Stored entries:

+ + + + +

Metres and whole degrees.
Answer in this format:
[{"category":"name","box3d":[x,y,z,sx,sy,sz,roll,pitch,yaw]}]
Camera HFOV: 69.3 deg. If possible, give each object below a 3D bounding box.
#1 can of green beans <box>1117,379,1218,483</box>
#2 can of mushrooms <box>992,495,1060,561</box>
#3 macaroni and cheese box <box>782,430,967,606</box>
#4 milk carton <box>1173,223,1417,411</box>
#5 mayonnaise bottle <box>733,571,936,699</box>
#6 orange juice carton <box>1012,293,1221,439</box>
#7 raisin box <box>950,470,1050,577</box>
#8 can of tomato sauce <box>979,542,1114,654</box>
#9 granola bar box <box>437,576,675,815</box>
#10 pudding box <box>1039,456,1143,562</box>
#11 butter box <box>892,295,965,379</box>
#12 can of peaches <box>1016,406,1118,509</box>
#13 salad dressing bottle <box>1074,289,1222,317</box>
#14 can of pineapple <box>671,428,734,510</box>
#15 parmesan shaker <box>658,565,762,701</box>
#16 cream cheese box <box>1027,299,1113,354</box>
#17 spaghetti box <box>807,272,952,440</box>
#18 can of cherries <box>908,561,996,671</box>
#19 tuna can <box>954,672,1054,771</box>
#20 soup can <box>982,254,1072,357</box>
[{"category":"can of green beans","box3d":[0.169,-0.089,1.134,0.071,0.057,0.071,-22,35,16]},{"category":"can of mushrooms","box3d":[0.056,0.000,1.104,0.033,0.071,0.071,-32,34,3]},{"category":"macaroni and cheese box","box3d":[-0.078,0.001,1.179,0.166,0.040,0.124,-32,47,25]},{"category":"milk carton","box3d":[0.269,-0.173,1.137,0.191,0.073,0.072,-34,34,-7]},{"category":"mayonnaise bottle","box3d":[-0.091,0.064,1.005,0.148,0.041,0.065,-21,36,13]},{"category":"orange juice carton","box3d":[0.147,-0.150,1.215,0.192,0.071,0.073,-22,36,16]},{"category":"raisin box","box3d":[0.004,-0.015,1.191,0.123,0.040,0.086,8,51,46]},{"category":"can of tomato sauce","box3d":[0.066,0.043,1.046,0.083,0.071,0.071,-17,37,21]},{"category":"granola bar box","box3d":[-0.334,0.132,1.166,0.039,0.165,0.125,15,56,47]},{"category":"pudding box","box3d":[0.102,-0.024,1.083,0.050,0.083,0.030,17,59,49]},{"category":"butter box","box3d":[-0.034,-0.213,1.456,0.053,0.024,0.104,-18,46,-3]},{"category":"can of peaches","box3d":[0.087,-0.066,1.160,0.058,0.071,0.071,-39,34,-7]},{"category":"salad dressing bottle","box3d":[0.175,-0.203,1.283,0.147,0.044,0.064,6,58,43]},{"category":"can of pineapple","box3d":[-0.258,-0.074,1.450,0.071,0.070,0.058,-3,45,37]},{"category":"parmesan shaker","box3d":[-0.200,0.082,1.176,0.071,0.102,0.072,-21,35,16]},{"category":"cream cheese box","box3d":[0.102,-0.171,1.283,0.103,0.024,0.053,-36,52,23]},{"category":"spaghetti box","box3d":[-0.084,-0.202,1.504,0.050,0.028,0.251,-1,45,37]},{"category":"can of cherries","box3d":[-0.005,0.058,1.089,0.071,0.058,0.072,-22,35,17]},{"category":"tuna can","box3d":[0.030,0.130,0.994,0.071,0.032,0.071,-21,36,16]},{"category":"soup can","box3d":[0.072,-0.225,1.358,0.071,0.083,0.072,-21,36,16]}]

+ + + + +

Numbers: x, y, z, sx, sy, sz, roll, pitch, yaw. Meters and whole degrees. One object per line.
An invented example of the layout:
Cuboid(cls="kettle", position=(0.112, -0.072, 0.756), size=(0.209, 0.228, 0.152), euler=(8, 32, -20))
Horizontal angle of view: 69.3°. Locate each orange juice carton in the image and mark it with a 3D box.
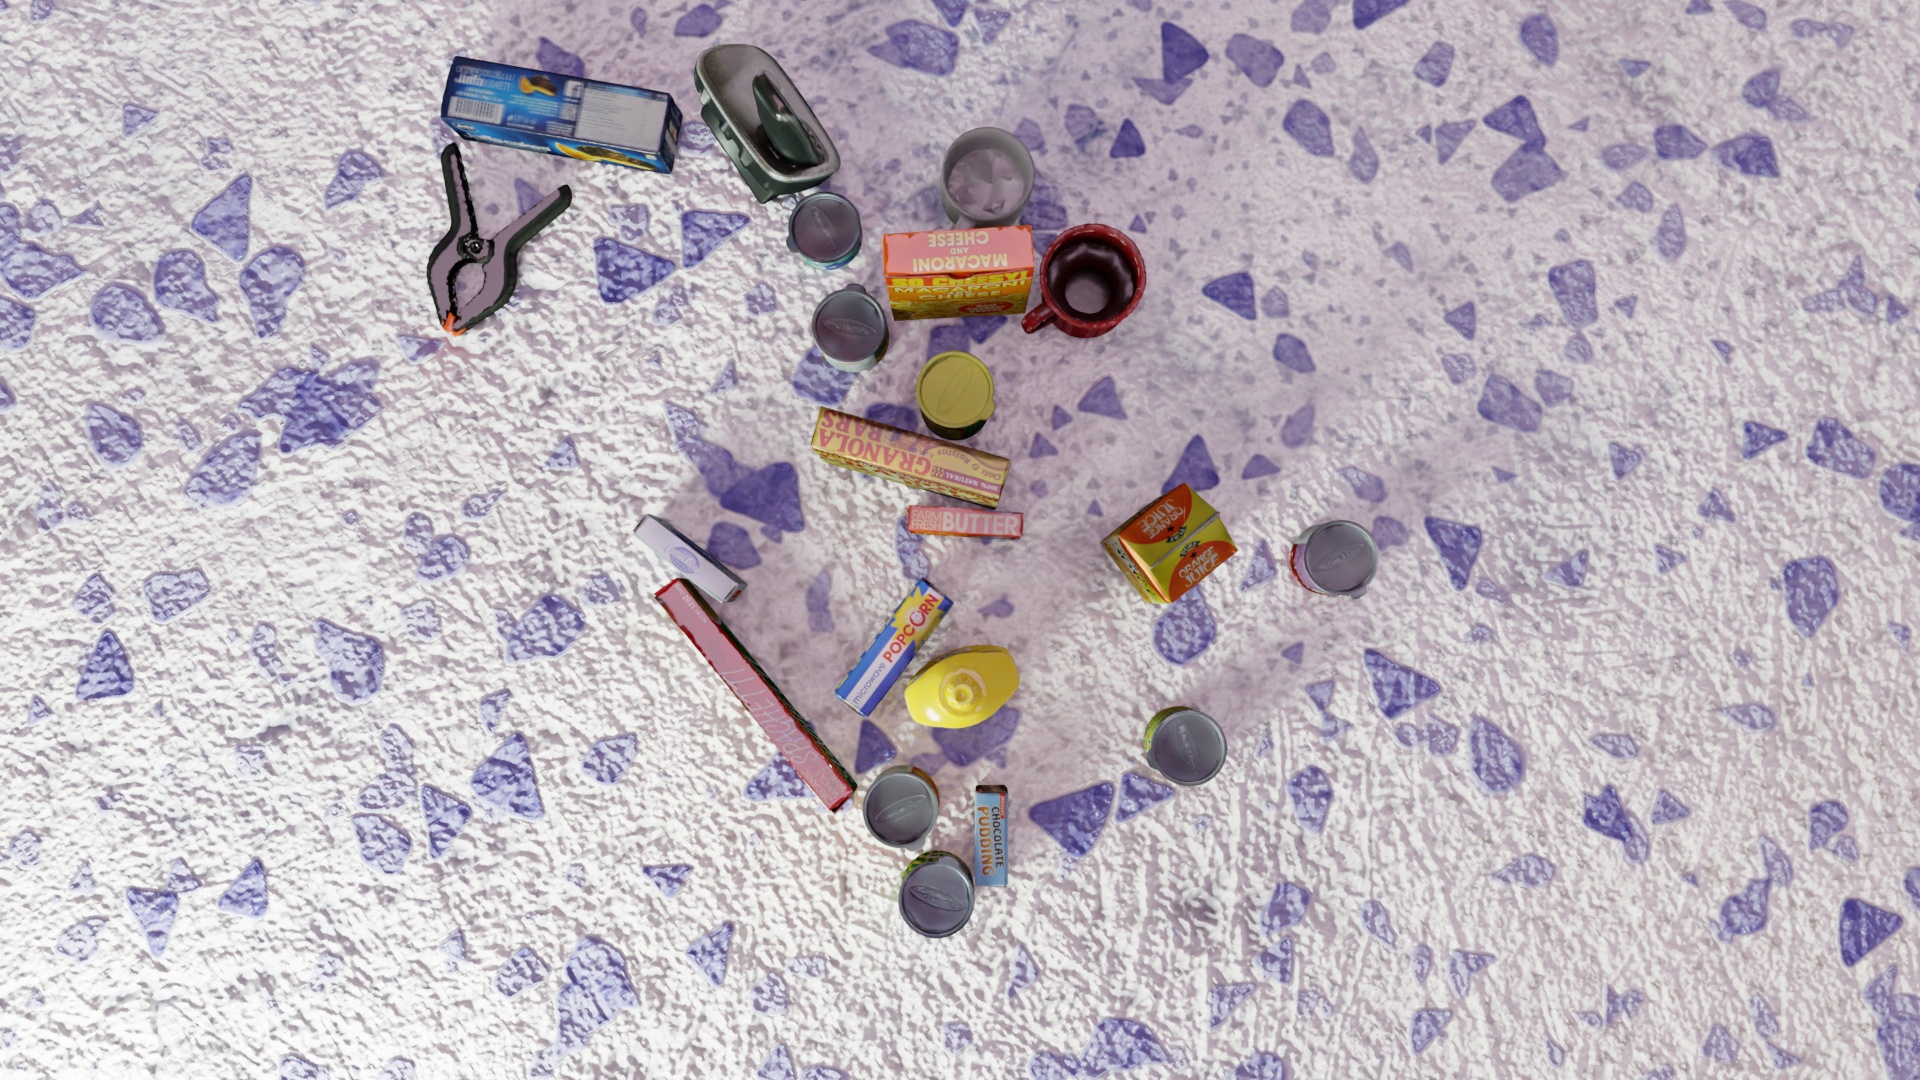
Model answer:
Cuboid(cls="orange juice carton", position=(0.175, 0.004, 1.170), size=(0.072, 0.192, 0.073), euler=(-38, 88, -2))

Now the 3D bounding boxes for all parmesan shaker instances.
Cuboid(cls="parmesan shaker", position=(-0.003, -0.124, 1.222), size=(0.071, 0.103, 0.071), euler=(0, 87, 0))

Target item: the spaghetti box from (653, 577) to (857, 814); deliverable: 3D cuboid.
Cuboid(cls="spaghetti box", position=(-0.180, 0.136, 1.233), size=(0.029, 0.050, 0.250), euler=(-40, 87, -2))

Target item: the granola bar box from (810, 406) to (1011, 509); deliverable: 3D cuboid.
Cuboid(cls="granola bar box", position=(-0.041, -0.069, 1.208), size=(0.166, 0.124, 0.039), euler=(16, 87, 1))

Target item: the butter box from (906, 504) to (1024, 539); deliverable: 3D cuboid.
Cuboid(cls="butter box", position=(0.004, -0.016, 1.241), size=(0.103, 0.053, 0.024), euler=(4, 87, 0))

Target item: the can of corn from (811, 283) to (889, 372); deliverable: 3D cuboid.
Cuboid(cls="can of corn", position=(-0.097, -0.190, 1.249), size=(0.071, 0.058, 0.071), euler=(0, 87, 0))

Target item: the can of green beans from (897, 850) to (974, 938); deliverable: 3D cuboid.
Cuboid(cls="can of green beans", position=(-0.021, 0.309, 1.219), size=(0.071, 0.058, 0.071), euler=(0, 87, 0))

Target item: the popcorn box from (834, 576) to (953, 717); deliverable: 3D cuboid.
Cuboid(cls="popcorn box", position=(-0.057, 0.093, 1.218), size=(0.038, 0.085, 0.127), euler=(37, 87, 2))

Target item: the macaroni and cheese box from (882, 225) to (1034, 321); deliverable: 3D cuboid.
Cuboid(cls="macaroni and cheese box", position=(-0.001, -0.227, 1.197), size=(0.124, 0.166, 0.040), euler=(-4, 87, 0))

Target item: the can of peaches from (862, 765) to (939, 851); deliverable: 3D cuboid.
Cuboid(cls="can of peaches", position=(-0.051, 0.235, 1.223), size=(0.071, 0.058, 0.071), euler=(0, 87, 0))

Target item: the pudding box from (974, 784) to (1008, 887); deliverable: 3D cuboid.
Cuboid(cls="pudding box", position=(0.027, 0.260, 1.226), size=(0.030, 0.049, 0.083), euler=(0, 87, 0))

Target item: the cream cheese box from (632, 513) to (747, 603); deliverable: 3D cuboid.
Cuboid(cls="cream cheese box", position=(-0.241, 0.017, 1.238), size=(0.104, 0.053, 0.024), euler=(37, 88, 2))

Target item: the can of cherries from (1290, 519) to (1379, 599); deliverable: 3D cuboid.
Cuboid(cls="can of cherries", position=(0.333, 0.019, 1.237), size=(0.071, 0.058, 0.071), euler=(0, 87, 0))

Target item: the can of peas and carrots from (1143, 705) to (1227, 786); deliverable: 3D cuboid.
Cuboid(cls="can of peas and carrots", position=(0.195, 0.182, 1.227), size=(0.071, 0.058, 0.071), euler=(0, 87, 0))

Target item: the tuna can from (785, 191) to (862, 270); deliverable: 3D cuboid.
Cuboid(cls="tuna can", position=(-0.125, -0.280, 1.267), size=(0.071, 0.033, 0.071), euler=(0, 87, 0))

+ + + + +

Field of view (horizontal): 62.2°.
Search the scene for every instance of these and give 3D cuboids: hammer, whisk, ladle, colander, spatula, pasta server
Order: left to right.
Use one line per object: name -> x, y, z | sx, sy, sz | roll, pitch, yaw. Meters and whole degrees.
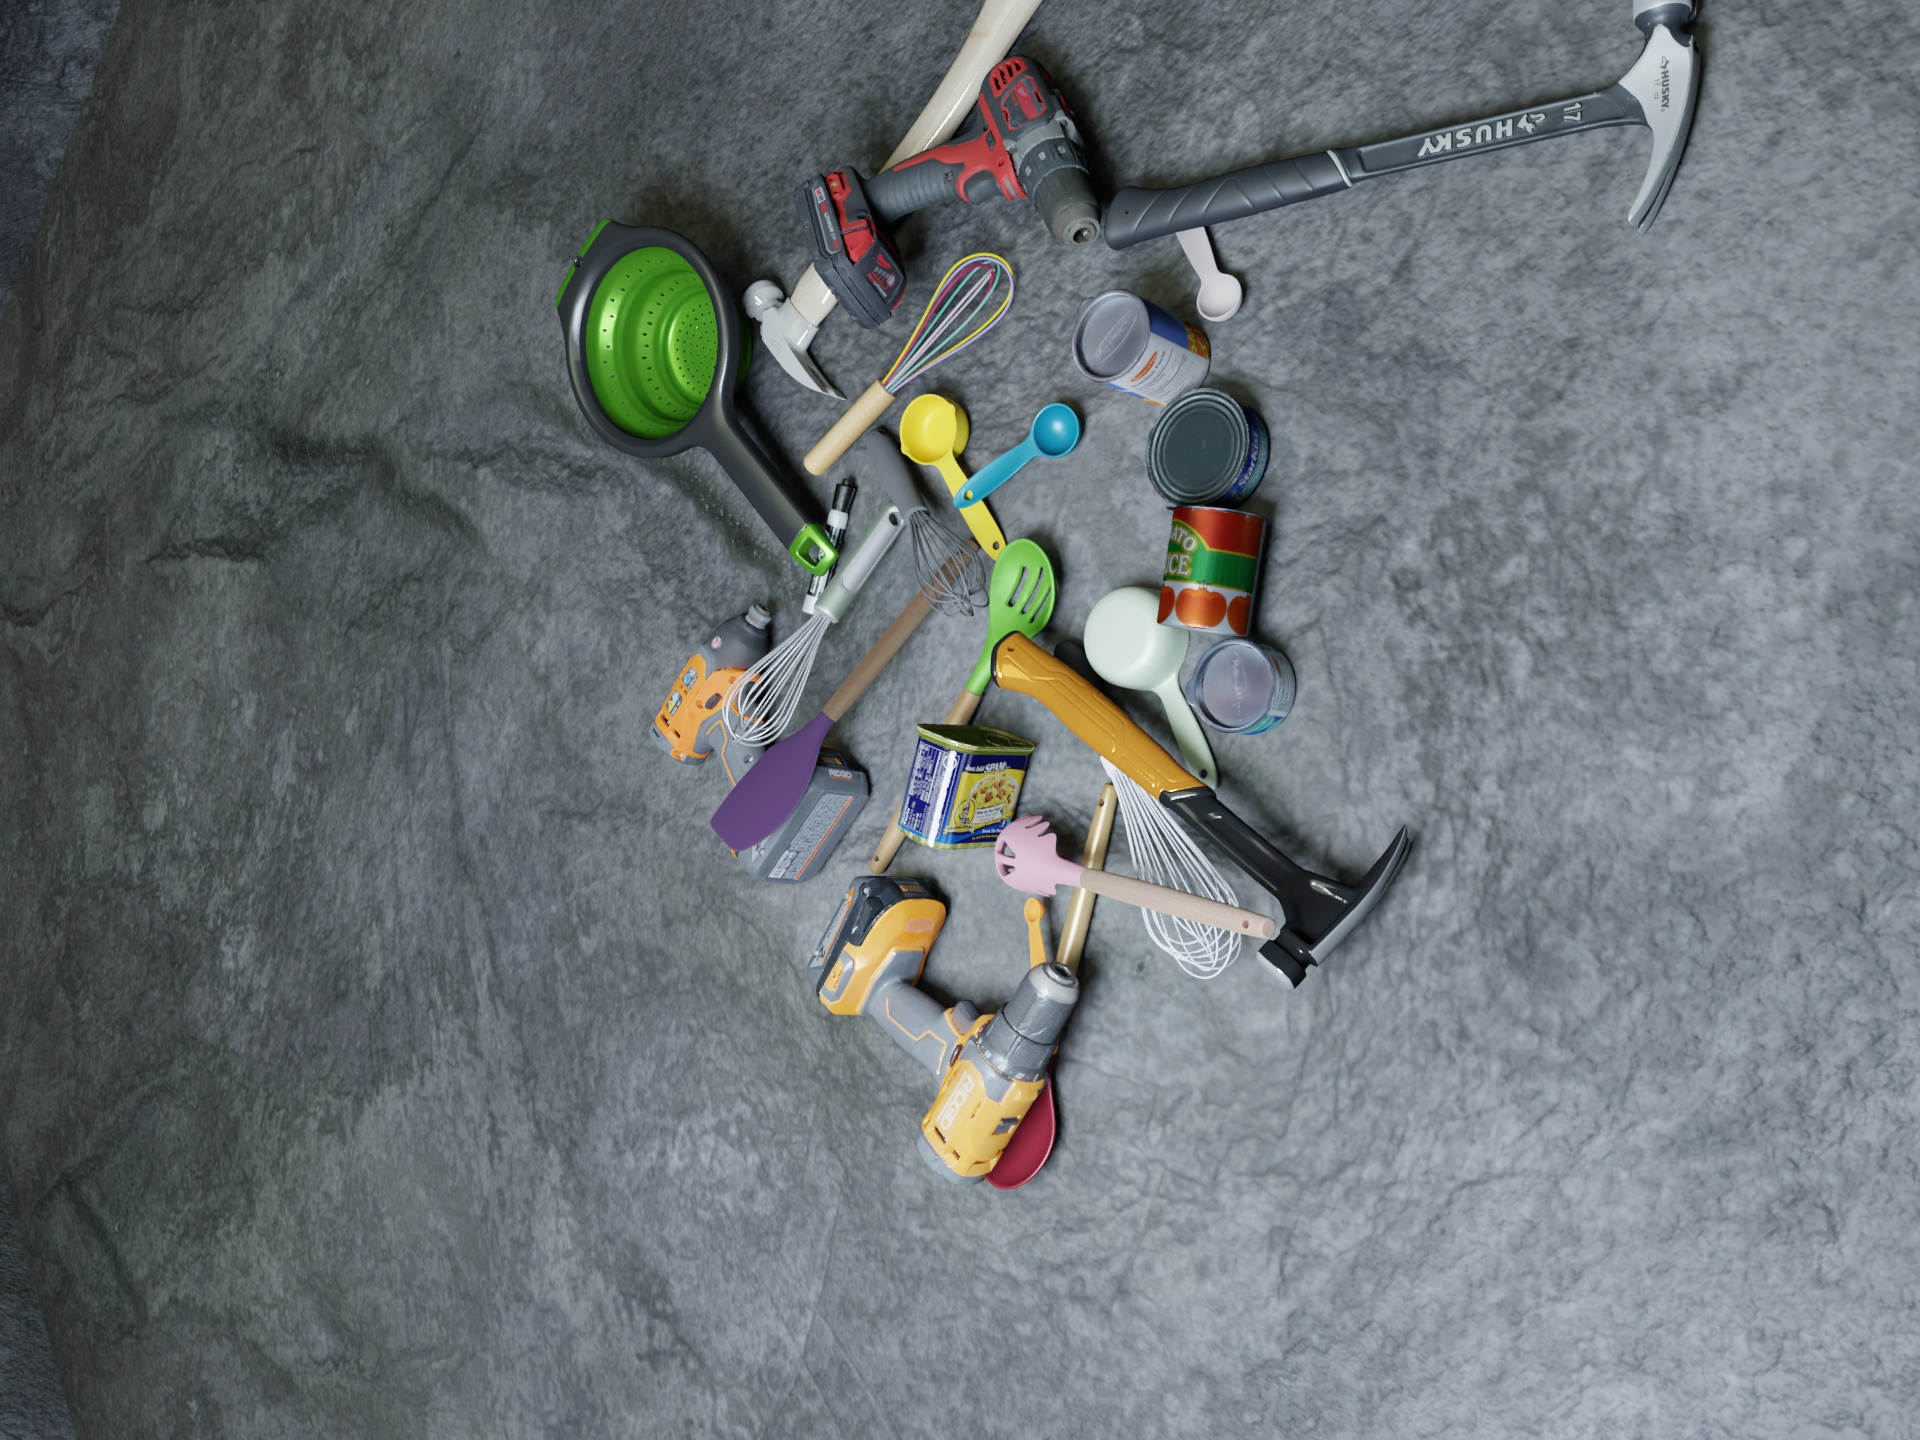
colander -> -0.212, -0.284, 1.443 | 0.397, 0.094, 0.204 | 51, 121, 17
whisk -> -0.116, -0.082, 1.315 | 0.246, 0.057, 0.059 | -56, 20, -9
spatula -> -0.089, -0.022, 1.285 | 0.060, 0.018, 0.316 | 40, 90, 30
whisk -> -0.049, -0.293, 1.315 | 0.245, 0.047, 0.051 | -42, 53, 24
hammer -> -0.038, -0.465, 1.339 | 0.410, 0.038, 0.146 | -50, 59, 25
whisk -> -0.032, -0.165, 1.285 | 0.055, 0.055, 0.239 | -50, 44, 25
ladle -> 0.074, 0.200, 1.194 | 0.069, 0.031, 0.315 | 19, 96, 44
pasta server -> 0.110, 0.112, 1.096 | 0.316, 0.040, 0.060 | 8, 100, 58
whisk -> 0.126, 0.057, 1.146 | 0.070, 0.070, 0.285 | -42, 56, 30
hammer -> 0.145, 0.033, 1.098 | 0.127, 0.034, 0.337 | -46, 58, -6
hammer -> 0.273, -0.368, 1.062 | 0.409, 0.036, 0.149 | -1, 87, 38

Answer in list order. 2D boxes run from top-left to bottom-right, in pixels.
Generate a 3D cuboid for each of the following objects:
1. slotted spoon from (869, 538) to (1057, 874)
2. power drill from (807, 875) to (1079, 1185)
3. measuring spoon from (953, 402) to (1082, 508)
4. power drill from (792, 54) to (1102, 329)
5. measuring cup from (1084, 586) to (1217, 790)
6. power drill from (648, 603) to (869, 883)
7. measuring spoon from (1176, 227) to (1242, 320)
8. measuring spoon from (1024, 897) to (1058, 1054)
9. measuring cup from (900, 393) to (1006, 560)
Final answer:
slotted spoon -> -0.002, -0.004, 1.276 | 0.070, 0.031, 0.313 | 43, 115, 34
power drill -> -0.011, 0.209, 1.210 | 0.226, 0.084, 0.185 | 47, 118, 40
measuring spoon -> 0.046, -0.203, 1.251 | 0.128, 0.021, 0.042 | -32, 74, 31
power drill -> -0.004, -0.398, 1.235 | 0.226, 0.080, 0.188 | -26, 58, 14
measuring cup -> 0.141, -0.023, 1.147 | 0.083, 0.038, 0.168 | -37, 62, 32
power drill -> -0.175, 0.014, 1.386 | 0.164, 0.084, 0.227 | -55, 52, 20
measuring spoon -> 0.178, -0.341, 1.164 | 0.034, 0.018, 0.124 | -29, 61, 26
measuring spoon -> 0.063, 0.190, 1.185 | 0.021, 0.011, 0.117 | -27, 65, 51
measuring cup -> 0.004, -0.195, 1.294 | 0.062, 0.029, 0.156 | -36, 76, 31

+ + + + +

THE TASK:
Of the lines above, retype only those from the line containing "#18 can of cherries" through the line containing "#19 tuna can <box>954,672,1054,771</box>", including both, exactly.

ANSWER TO THIS EXERCISE:
#18 can of cherries <box>908,561,996,671</box>
#19 tuna can <box>954,672,1054,771</box>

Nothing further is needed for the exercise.